[Extracted records]
##############################

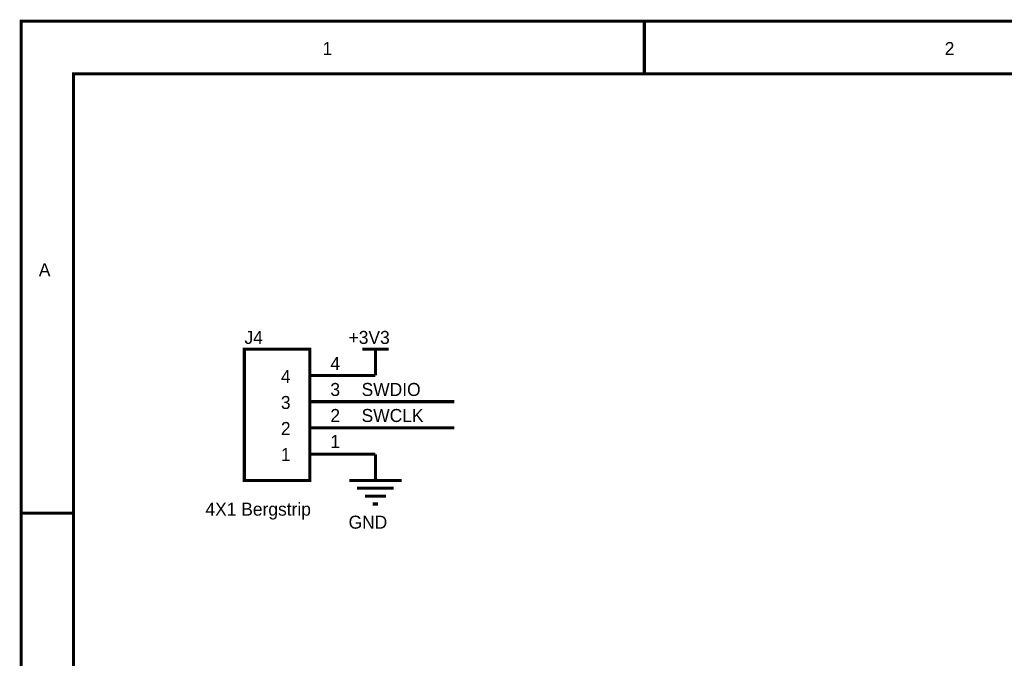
# Model space of a CAD drawing. Header units: inches. Extents: x 0 to 9.5, y -0.01 to 7.51.
# Tile 37 of 59: x 0 to 3.75, y 5.07 to 7.51. Entities that reach past the tile are written whole.
import ezdxf

# ---------------------------------------------------------------- set-up
doc = ezdxf.new("R2010")
doc.units = ezdxf.units.IN
doc.header["$MEASUREMENT"] = 0
doc.layers.add('Sheet', color=255, linetype='Continuous')

msp = doc.modelspace()

# ---------------------------------------------------------------- linework, layer by layer
at = {"layer": 'Sheet'}
for points in [[(0.0025, 7.5, 0.0118, 0.0118, 0), (9.4981, 7.5, 0.0118, 0.0118, 0), (9.4981, 0, 0.0118, 0.0118, 0), (0.0025, 0, 0.0118, 0.0118, 0), (0.0025, 7.5, 0.0118, 0.0118, 0)], [(0.0025, 7.5, 0.0039, 0.0039, 0), (0.0025, 0, 0.0039, 0.0039, 0), (9.4981, 0, 0.0039, 0.0039, 0), (9.4981, 7.5, 0.0039, 0.0039, 0), (0.0025, 7.5, 0.0039, 0.0039, 0), (0.0025, 7.5, 0.0039, 0.0039, 0)], [(0.202, 7.2997, 0.0118, 0.0118, 0), (9.2986, 7.2997, 0.0118, 0.0118, 0), (9.2986, 0.1997, 0.0118, 0.0118, 0), (0.202, 0.1997, 0.0118, 0.0118, 0), (0.202, 7.2997, 0.0118, 0.0118, 0)], [(0.202, 7.2997, 0.0039, 0.0039, 0), (0.202, 0.1997, 0.0039, 0.0039, 0), (9.2986, 0.1997, 0.0039, 0.0039, 0), (9.2986, 7.2997, 0.0039, 0.0039, 0), (0.202, 7.2997, 0.0039, 0.0039, 0), (0.202, 7.2997, 0.0039, 0.0039, 0)], [(0.8522, 6.25, 0.0118, 0.0118, 0), (1.102, 6.25, 0.0118, 0.0118, 0), (1.102, 5.7496, 0.0118, 0.0118, 0), (0.8522, 5.7496, 0.0118, 0.0118, 0), (0.8522, 6.25, 0.0118, 0.0118, 0)], [(0.8522, 6.25, 0.0039, 0.0039, 0), (0.8522, 5.7496, 0.0039, 0.0039, 0), (1.102, 5.7496, 0.0039, 0.0039, 0), (1.102, 6.25, 0.0039, 0.0039, 0), (0.8522, 6.25, 0.0039, 0.0039, 0), (0.8522, 6.25, 0.0039, 0.0039, 0)]]:
    msp.add_lwpolyline(points, format="xyseb", close=True, dxfattribs=at)
for points in [[(0.0025, 7.5, 0.0118, 0.0118, 0), (0.202, 7.5, 0.0118, 0.0118, 0)], [(2.3762, 7.5, 0.0118, 0.0118, 0), (2.3762, 7.2997, 0.0118, 0.0118, 0)], [(1.3015, 6.25, 0.0118, 0.0118, 0), (1.4019, 6.25, 0.0118, 0.0118, 0)], [(1.3517, 6.1496, 0.0118, 0.0118, 0), (1.3517, 6.25, 0.0118, 0.0118, 0)], [(1.102, 6.1496, 0.0118, 0.0118, 0), (1.3015, 6.1496, 0.0118, 0.0118, 0)], [(1.3517, 6.1496, 0.0118, 0.0118, 0), (1.3015, 6.1496, 0.0118, 0.0118, 0)], [(1.102, 6.0497, 0.0118, 0.0118, 0), (1.3015, 6.0497, 0.0118, 0.0118, 0)], [(1.3015, 6.0497, 0.0118, 0.0118, 0), (1.6517, 6.0497, 0.0118, 0.0118, 0)], [(1.102, 5.9499, 0.0118, 0.0118, 0), (1.3015, 5.9499, 0.0118, 0.0118, 0)], [(1.3015, 5.9499, 0.0118, 0.0118, 0), (1.6517, 5.9499, 0.0118, 0.0118, 0)], [(1.102, 5.8495, 0.0118, 0.0118, 0), (1.3015, 5.8495, 0.0118, 0.0118, 0)], [(1.3517, 5.8495, 0.0118, 0.0118, 0), (1.3015, 5.8495, 0.0118, 0.0118, 0)], [(1.3517, 5.8495, 0.0118, 0.0118, 0), (1.3517, 5.7496, 0.0118, 0.0118, 0)], [(1.252, 5.7496, 0.0118, 0.0118, 0), (1.4515, 5.7496, 0.0118, 0.0118, 0)], [(1.2817, 5.7199, 0.0118, 0.0118, 0), (1.4218, 5.7199, 0.0118, 0.0118, 0)], [(1.3115, 5.6895, 0.0118, 0.0118, 0), (1.3914, 5.6895, 0.0118, 0.0118, 0)], [(1.3418, 5.6597, 0.0118, 0.0118, 0), (1.3617, 5.6597, 0.0118, 0.0118, 0)], [(0.0025, 5.625, 0.0118, 0.0118, 0), (0.202, 5.625, 0.0118, 0.0118, 0)]]:
    msp.add_lwpolyline(points, format="xyseb", dxfattribs=at)

# ---------------------------------------------------------------- texts
for s, height, p in [('1', 0.0496, (1.1503, 7.371)), ('2', 0.0496, (3.5204, 7.371)), ('A', 0.0496, (0.0694, 6.5278)), ('J4', 0.0496, (0.8528, 6.2698)), ('+3V3', 0.0496, (1.2495, 6.2698)), ('4', 0.0496, (1.1801, 6.1706)), ('4', 0.0496, (0.9916, 6.121)), ('3', 0.0496, (1.1801, 6.0714)), ('SWDIO', 0.0496, (1.2991, 6.0714)), ('3', 0.0496, (0.9916, 6.0218)), ('2', 0.0496, (1.1801, 5.9722)), ('SWCLK', 0.0496, (1.2991, 5.9722)), ('2', 0.0496, (0.9916, 5.9226)), ('1', 0.0496, (1.1801, 5.873)), ('1', 0.0496, (0.9916, 5.8234)), ('4X1 Bergstrip', 0.049603, (0.7041, 5.6151)), ('GND', 0.0496, (1.2495, 5.5655))]:
    msp.add_text(s, height=height, dxfattribs=at).set_placement(p)

doc.saveas('drawing.dxf')

##############################

● Exercise details
Please give the records again word for word, omitting all images.

● Response to the exercise
# Model space of a CAD drawing. Header units: inches. Extents: x 0 to 9.5, y -0.01 to 7.51.
# Tile 37 of 59: x 0 to 3.75, y 5.07 to 7.51. Entities that reach past the tile are written whole.
import ezdxf

# ---------------------------------------------------------------- set-up
doc = ezdxf.new("R2010")
doc.units = ezdxf.units.IN
doc.header["$MEASUREMENT"] = 0
doc.layers.add('Sheet', color=255, linetype='Continuous')

msp = doc.modelspace()

# ---------------------------------------------------------------- linework, layer by layer
at = {"layer": 'Sheet'}
for points in [[(0.0025, 7.5, 0.0118, 0.0118, 0), (9.4981, 7.5, 0.0118, 0.0118, 0), (9.4981, 0, 0.0118, 0.0118, 0), (0.0025, 0, 0.0118, 0.0118, 0), (0.0025, 7.5, 0.0118, 0.0118, 0)], [(0.0025, 7.5, 0.0039, 0.0039, 0), (0.0025, 0, 0.0039, 0.0039, 0), (9.4981, 0, 0.0039, 0.0039, 0), (9.4981, 7.5, 0.0039, 0.0039, 0), (0.0025, 7.5, 0.0039, 0.0039, 0), (0.0025, 7.5, 0.0039, 0.0039, 0)], [(0.202, 7.2997, 0.0118, 0.0118, 0), (9.2986, 7.2997, 0.0118, 0.0118, 0), (9.2986, 0.1997, 0.0118, 0.0118, 0), (0.202, 0.1997, 0.0118, 0.0118, 0), (0.202, 7.2997, 0.0118, 0.0118, 0)], [(0.202, 7.2997, 0.0039, 0.0039, 0), (0.202, 0.1997, 0.0039, 0.0039, 0), (9.2986, 0.1997, 0.0039, 0.0039, 0), (9.2986, 7.2997, 0.0039, 0.0039, 0), (0.202, 7.2997, 0.0039, 0.0039, 0), (0.202, 7.2997, 0.0039, 0.0039, 0)], [(0.8522, 6.25, 0.0118, 0.0118, 0), (1.102, 6.25, 0.0118, 0.0118, 0), (1.102, 5.7496, 0.0118, 0.0118, 0), (0.8522, 5.7496, 0.0118, 0.0118, 0), (0.8522, 6.25, 0.0118, 0.0118, 0)], [(0.8522, 6.25, 0.0039, 0.0039, 0), (0.8522, 5.7496, 0.0039, 0.0039, 0), (1.102, 5.7496, 0.0039, 0.0039, 0), (1.102, 6.25, 0.0039, 0.0039, 0), (0.8522, 6.25, 0.0039, 0.0039, 0), (0.8522, 6.25, 0.0039, 0.0039, 0)]]:
    msp.add_lwpolyline(points, format="xyseb", close=True, dxfattribs=at)
for points in [[(0.0025, 7.5, 0.0118, 0.0118, 0), (0.202, 7.5, 0.0118, 0.0118, 0)], [(2.3762, 7.5, 0.0118, 0.0118, 0), (2.3762, 7.2997, 0.0118, 0.0118, 0)], [(1.3015, 6.25, 0.0118, 0.0118, 0), (1.4019, 6.25, 0.0118, 0.0118, 0)], [(1.3517, 6.1496, 0.0118, 0.0118, 0), (1.3517, 6.25, 0.0118, 0.0118, 0)], [(1.102, 6.1496, 0.0118, 0.0118, 0), (1.3015, 6.1496, 0.0118, 0.0118, 0)], [(1.3517, 6.1496, 0.0118, 0.0118, 0), (1.3015, 6.1496, 0.0118, 0.0118, 0)], [(1.102, 6.0497, 0.0118, 0.0118, 0), (1.3015, 6.0497, 0.0118, 0.0118, 0)], [(1.3015, 6.0497, 0.0118, 0.0118, 0), (1.6517, 6.0497, 0.0118, 0.0118, 0)], [(1.102, 5.9499, 0.0118, 0.0118, 0), (1.3015, 5.9499, 0.0118, 0.0118, 0)], [(1.3015, 5.9499, 0.0118, 0.0118, 0), (1.6517, 5.9499, 0.0118, 0.0118, 0)], [(1.102, 5.8495, 0.0118, 0.0118, 0), (1.3015, 5.8495, 0.0118, 0.0118, 0)], [(1.3517, 5.8495, 0.0118, 0.0118, 0), (1.3015, 5.8495, 0.0118, 0.0118, 0)], [(1.3517, 5.8495, 0.0118, 0.0118, 0), (1.3517, 5.7496, 0.0118, 0.0118, 0)], [(1.252, 5.7496, 0.0118, 0.0118, 0), (1.4515, 5.7496, 0.0118, 0.0118, 0)], [(1.2817, 5.7199, 0.0118, 0.0118, 0), (1.4218, 5.7199, 0.0118, 0.0118, 0)], [(1.3115, 5.6895, 0.0118, 0.0118, 0), (1.3914, 5.6895, 0.0118, 0.0118, 0)], [(1.3418, 5.6597, 0.0118, 0.0118, 0), (1.3617, 5.6597, 0.0118, 0.0118, 0)], [(0.0025, 5.625, 0.0118, 0.0118, 0), (0.202, 5.625, 0.0118, 0.0118, 0)]]:
    msp.add_lwpolyline(points, format="xyseb", dxfattribs=at)

# ---------------------------------------------------------------- texts
for s, height, p in [('1', 0.0496, (1.1503, 7.371)), ('2', 0.0496, (3.5204, 7.371)), ('A', 0.0496, (0.0694, 6.5278)), ('J4', 0.0496, (0.8528, 6.2698)), ('+3V3', 0.0496, (1.2495, 6.2698)), ('4', 0.0496, (1.1801, 6.1706)), ('4', 0.0496, (0.9916, 6.121)), ('3', 0.0496, (1.1801, 6.0714)), ('SWDIO', 0.0496, (1.2991, 6.0714)), ('3', 0.0496, (0.9916, 6.0218)), ('2', 0.0496, (1.1801, 5.9722)), ('SWCLK', 0.0496, (1.2991, 5.9722)), ('2', 0.0496, (0.9916, 5.9226)), ('1', 0.0496, (1.1801, 5.873)), ('1', 0.0496, (0.9916, 5.8234)), ('4X1 Bergstrip', 0.049603, (0.7041, 5.6151)), ('GND', 0.0496, (1.2495, 5.5655))]:
    msp.add_text(s, height=height, dxfattribs=at).set_placement(p)

doc.saveas('drawing.dxf')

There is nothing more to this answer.